Well, it would probably help to not get upset with yourself for being attracted to women and wondering if they would be a good match for you because that is natural. Nothing wrong with being a human being! Religious and priests are not some super-human, asexual, perfect creatures who never feel attracted to other people... any anyone who things that or feels that they are that way probably should not be applying to religious life of the priesthood (b.c something is wrong, somewhere!).

You are probably doing enough in terms of prayer and what not. How about sports? How about volunteer work? How about anything that you can simply enjoy and stop worrying about your discernment for a while? Sounds like it is kind of making you feel tense and up tight and if you feel that way, it is hard to hear God speaking to you.

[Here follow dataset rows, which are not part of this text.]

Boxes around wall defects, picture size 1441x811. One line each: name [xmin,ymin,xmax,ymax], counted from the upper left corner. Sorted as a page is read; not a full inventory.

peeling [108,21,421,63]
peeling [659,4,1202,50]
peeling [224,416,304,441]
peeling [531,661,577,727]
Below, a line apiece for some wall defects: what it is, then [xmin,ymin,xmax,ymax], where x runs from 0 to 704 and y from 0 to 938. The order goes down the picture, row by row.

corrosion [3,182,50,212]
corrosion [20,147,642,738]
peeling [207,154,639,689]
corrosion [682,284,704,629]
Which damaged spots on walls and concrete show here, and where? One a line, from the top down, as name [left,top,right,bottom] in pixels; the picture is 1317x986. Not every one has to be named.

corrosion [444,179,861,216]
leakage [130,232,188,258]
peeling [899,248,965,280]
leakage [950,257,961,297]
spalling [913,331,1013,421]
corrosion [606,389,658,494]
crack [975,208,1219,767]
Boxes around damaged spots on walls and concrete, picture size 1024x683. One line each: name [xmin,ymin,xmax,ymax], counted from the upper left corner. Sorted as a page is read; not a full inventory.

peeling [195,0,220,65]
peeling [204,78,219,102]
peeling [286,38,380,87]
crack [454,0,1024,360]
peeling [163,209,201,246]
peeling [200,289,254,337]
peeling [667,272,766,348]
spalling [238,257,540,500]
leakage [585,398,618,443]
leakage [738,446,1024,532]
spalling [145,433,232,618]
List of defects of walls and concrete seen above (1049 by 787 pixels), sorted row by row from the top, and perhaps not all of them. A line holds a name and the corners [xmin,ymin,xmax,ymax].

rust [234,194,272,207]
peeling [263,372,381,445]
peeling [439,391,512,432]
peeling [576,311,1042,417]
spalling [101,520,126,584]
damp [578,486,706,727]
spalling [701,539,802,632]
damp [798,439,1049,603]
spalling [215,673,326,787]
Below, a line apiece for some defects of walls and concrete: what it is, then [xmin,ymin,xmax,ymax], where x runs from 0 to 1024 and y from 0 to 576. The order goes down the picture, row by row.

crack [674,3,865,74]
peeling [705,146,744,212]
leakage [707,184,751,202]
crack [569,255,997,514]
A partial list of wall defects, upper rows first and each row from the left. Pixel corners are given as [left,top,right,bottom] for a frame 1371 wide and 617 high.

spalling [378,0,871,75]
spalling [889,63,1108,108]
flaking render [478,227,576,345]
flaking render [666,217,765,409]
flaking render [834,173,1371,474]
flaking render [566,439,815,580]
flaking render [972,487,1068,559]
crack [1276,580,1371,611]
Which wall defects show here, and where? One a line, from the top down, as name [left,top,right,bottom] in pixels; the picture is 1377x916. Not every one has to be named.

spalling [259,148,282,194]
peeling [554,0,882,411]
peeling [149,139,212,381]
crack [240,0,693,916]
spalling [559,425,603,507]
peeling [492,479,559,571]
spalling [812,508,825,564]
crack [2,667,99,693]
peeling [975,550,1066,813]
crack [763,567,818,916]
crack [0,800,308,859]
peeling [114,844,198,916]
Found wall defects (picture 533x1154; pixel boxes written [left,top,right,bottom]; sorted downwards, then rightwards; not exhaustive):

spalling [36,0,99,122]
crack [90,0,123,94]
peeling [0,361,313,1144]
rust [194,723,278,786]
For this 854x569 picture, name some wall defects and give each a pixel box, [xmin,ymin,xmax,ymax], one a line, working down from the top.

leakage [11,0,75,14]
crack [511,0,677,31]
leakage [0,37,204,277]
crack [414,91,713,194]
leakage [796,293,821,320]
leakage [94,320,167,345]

I am not a guy, but I heard a guy once say that then he sees a beautiful woman that he likes he offers her to God and say a prayer for her thanking him for her beauty. In the Jewish prayerbook I have there is actually a prayer that you can say upon seeing a beautiful person! I cannot remember it, but it is simply a short blessing like "Blessed are you, O Lord, the Creator of all things beautiful and good."

I am not entirely sure all that you are asking, but it seems like you need to chilax a little bit and take a deep breath and realize that God loves you and created you good. Do not get so upset and be at peace.

Wish I could be of more help; at the very least I will be praying for you!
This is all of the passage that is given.